The required output is the stretch from the line containing "Capture from an" through the line containing "Label the answers" in the records below, unaltered and with no pictures.

═════ RECORDS FOR THIS TASK ═════

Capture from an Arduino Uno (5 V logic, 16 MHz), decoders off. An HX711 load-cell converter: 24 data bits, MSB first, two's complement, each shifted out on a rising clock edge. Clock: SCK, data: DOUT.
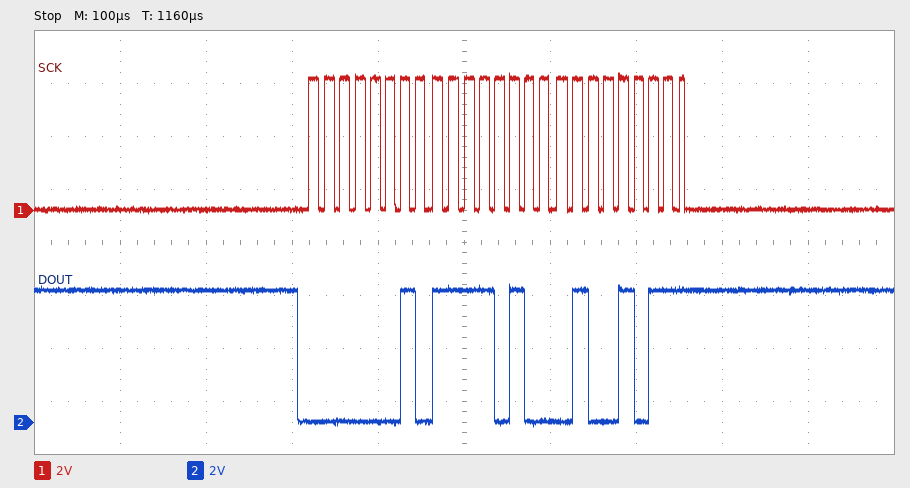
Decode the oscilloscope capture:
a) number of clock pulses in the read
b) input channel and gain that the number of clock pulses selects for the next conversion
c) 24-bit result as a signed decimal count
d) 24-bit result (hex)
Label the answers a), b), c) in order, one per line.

═════
═════ RECORDS FOR THIS TASK ═════

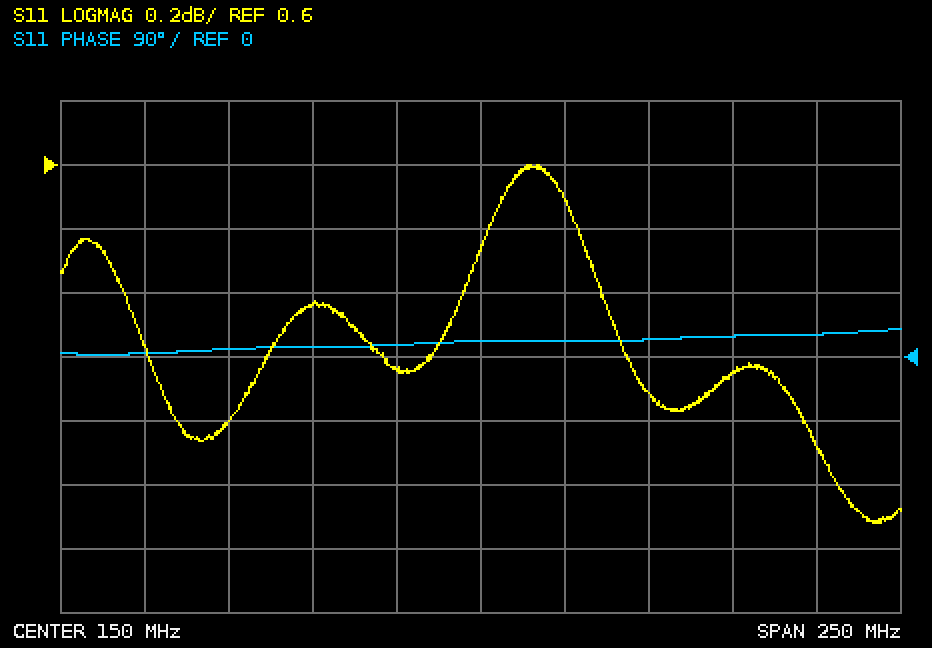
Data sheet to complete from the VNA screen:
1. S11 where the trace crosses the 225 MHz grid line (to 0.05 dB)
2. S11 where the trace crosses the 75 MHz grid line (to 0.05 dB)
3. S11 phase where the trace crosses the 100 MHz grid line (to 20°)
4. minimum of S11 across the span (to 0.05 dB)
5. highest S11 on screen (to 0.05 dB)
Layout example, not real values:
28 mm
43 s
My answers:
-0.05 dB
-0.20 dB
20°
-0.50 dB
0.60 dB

═════

ANSWER SECTION -
Capture from an Arduino Uno (5 V logic, 16 MHz), decoders off. An HX711 load-cell converter: 24 data bits, MSB first, two's complement, each shifted out on a rising clock edge. Clock: SCK, data: DOUT.
Decode the oscilloscope capture:
a) number of clock pulses in the read
b) input channel and gain that the number of clock pulses selects for the next conversion
c) 24-bit result as a signed decimal count
d) 24-bit result (hex)
Label the answers a), b), c) in order, one per line.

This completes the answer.